28. Ms Kaur sets out in some detail and pages 11-12 the efforts made by the family to explore the care that would be available in care homes in the Punjab and concern that: “they had have no confidence that health, safety and wellbeing of their mother would be protected if placed in health care facilities in Punjab. They found that the organisations could not answer their questions, they had no employment/volunteer screening, fire drills, Personal Emergency Evacuation Plan, regulations, staff had no professional qualification and training of staff. The organisations said they also want a family member in Punjab to be contactable in case of emergency and only really catered for the destitute and homeless.” Ms Kaur concludes that: “In my professional opinion, if Kuldip Kaur was to return to India, she would regress and become isolated and withdrawn. She would find daily living impossible. This would create further stress and anxiety, and result in deterioration in her mental and physical health and put her welfare at significant risk.”
29. In his psychiatric report of 7.3.23, Dr Junaid states as follows:
“62. I completely agree with the conclusions Surrinder Kaur came to in her report.
“The support Mrs Kaur receives presently from within her own family environment is beneficial, appropriate and sensitive to her cultural needs and wishes. This helps promote, and has an impact on, Mrs Kaur’s mental and psychological well-being and gives a stable environment which is of great value during her low moods.
In my professional opinion if she were to return to India, she would find daily living impossible.
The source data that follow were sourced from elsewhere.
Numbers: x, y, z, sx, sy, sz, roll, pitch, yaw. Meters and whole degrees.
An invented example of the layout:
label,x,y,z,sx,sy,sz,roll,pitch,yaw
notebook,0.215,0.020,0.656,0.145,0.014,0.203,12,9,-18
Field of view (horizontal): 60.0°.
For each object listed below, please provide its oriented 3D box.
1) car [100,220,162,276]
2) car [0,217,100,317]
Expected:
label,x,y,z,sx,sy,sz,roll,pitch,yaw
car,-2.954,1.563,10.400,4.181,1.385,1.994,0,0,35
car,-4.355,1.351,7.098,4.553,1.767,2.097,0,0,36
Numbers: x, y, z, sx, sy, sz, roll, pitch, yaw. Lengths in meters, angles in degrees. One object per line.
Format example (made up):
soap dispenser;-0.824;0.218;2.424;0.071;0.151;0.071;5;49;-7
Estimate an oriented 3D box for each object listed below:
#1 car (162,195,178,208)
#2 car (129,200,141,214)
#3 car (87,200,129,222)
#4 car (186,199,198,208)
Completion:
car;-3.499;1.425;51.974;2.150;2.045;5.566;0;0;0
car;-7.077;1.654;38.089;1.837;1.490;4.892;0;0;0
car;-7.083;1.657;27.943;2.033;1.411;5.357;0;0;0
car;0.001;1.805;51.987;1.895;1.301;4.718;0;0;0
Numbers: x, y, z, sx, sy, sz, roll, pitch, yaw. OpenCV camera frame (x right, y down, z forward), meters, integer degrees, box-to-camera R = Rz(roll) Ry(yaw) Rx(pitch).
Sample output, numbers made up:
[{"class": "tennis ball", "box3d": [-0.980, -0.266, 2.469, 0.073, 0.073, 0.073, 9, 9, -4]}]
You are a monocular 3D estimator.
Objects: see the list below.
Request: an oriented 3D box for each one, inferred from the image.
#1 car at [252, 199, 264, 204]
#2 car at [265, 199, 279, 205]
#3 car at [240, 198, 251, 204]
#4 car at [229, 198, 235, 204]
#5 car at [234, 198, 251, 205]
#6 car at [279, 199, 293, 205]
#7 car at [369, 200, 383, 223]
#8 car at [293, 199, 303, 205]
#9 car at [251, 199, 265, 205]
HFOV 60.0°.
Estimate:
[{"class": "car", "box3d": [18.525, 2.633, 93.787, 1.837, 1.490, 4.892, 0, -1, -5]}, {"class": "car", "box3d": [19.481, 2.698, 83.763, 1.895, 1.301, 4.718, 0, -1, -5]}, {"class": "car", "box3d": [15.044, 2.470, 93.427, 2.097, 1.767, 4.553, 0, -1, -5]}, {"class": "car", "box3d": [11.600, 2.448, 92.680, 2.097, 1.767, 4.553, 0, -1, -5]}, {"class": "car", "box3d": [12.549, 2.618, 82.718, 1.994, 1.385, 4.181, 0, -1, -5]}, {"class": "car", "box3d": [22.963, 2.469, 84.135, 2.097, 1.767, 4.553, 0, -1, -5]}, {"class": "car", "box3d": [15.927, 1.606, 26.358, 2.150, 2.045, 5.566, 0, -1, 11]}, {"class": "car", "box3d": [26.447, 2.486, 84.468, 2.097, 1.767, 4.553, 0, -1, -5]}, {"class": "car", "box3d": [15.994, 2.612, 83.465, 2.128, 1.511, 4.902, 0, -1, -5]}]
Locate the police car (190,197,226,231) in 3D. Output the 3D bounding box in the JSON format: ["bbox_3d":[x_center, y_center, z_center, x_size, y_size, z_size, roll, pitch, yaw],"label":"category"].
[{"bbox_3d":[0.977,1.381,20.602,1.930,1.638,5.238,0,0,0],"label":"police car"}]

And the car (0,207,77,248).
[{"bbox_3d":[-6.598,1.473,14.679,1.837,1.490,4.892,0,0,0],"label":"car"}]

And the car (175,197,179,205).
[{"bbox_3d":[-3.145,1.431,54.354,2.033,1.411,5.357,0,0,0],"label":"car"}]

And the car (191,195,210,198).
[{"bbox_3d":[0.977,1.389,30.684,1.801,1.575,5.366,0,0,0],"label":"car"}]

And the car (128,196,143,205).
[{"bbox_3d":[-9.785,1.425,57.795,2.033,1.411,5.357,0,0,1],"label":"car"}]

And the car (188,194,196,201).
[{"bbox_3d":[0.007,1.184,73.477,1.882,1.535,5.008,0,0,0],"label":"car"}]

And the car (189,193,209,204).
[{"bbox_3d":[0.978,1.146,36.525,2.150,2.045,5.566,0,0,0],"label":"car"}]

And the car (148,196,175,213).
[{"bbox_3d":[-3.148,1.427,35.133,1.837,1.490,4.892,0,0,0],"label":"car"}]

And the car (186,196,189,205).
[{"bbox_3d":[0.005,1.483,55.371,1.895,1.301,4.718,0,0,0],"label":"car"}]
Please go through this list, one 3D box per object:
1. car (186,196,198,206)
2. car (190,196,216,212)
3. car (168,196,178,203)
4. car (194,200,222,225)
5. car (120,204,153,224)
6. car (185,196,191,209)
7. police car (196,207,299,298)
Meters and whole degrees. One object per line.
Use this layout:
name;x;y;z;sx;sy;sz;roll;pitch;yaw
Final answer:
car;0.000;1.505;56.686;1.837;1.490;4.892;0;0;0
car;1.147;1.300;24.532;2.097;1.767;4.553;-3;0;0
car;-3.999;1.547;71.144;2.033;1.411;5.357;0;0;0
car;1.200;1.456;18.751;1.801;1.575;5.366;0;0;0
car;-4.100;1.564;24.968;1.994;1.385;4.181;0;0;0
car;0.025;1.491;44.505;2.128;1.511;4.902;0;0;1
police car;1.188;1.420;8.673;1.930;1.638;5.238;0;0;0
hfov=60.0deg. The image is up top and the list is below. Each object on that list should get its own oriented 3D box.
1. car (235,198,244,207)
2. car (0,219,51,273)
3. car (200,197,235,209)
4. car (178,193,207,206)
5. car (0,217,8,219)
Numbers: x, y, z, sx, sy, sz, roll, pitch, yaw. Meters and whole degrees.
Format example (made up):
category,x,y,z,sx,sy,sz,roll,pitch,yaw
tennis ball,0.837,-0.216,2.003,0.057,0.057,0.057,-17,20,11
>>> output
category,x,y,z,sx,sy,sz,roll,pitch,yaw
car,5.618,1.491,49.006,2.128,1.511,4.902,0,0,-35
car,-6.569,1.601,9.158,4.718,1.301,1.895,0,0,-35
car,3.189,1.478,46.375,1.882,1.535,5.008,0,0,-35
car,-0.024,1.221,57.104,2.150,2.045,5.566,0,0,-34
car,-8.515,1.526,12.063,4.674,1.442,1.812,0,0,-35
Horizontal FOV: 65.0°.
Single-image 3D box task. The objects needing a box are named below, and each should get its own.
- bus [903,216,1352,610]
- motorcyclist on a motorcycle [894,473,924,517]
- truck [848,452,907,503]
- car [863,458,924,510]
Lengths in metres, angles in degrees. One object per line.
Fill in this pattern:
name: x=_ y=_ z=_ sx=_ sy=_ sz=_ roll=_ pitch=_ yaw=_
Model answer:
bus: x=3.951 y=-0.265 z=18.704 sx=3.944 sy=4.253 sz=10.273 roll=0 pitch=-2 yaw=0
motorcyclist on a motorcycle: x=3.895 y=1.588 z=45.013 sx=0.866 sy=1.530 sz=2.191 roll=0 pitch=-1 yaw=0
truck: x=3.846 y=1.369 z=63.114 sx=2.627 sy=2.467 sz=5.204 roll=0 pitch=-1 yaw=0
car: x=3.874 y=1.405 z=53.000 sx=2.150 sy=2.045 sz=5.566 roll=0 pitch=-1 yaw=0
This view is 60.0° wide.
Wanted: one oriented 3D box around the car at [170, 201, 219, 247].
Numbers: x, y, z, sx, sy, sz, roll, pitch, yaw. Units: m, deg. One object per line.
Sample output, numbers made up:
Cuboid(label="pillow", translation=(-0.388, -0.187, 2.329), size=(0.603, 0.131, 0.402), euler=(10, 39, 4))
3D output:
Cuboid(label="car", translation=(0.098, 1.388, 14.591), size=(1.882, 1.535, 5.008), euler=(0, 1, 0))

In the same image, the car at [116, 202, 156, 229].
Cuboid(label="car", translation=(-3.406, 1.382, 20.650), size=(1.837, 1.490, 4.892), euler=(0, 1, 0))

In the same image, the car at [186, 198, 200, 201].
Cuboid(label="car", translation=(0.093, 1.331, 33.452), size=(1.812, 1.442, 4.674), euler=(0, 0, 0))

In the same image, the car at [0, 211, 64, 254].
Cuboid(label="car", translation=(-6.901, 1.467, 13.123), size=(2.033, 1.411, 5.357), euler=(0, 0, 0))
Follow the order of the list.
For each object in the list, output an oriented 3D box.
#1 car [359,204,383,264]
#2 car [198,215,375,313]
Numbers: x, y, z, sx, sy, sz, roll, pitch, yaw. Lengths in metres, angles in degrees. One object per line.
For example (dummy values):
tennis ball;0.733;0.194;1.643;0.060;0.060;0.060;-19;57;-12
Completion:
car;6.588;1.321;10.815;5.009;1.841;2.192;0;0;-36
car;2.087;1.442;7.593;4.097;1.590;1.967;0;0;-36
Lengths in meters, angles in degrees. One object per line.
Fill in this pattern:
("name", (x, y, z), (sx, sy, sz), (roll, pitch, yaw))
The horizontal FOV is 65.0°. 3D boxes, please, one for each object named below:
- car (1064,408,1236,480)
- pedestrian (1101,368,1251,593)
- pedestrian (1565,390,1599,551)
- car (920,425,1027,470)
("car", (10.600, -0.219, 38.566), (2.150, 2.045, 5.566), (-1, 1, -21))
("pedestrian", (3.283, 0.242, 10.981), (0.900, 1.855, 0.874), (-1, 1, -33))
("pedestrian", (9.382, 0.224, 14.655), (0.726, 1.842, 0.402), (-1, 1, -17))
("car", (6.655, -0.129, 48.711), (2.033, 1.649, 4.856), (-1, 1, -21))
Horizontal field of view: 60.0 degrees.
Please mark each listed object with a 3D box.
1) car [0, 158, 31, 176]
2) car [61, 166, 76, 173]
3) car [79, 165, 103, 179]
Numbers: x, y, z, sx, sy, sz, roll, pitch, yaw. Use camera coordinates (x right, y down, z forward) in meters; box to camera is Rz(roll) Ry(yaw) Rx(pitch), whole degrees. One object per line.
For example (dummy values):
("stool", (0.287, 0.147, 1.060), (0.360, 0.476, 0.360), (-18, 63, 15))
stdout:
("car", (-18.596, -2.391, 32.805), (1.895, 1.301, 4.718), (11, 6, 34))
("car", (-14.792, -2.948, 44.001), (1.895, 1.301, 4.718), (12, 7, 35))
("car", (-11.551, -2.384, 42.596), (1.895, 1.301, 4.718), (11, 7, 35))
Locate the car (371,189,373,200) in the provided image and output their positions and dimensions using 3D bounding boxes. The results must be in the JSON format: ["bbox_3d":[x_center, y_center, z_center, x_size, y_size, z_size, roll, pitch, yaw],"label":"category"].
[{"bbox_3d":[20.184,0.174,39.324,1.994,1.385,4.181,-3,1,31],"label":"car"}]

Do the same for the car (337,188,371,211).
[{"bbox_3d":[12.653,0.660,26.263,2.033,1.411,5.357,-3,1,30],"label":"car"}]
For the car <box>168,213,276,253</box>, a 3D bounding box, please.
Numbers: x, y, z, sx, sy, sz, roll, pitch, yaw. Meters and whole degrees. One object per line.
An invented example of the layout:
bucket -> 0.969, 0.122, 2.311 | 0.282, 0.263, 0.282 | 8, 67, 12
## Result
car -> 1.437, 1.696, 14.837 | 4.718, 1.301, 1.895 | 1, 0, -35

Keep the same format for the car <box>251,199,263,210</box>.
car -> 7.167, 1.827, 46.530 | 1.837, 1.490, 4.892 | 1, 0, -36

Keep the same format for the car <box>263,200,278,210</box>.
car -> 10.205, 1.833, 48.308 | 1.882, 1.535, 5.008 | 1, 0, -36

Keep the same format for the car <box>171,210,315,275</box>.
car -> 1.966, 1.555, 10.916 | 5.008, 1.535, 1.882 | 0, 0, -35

Mrs Kaur has been cared for by her daughter and family. She would suffer unnecessary stress and anxiety regarding her emotional care with low moods and leading to the increased feeling regarding the futility of life and enhance the deterioration of her mental, physical and psychological health if she was to lose that support.”
63. Mrs Kaur’s declining emotional and mental health wellbeing, confidence and physical health, and the quality of family life, will also have a substantial impact on her ability to cope as she becomes increasingly frail.
64. As a result of her progressive cognitive impairment caused by the dementia, Mrs Kaur is not able to identify her own health needs, seek appropriate healthcare or independently follow advice from her doctors. For all these tasks she would be dependent on her family or care giver to access health care and follow directions.”
30. Whilst I fully accept that the Appellant is an “insider” in terms of understanding how Indian society works, I find that her severe cognitive impairment and dementia diagnosis does operate to adversely impact on her capacity to participate in her life as it was previously and to operate on a day to day basis, not least as she is no longer able to care for herself. I do find that this constitutes a very significant obstacle to her integration in India at this point in time. I find that, even with a carer in her own home or being placed in a care home, the position would remain the same and would, in fact, deteriorate given that dementia is a progressive disease, as she would be unable to engage with her former neighbours and friends so as to enjoy private life of any substance and would be unable to form new connections and relationships. Consequently, I find that the requirements of paragraph 276ADE(vi) of the Immigration Rules are met.
31. Since I have found that the requirements of paragraph 276ADE(vi) of the Rules (now Appendix Private Life) are met, that is positively determinative of the appeal cf. TZ (Pakistan) [2018] EWCA Civ 1109 at [34].
Notice of Decision
32. The appeal is allowed on human rights grounds.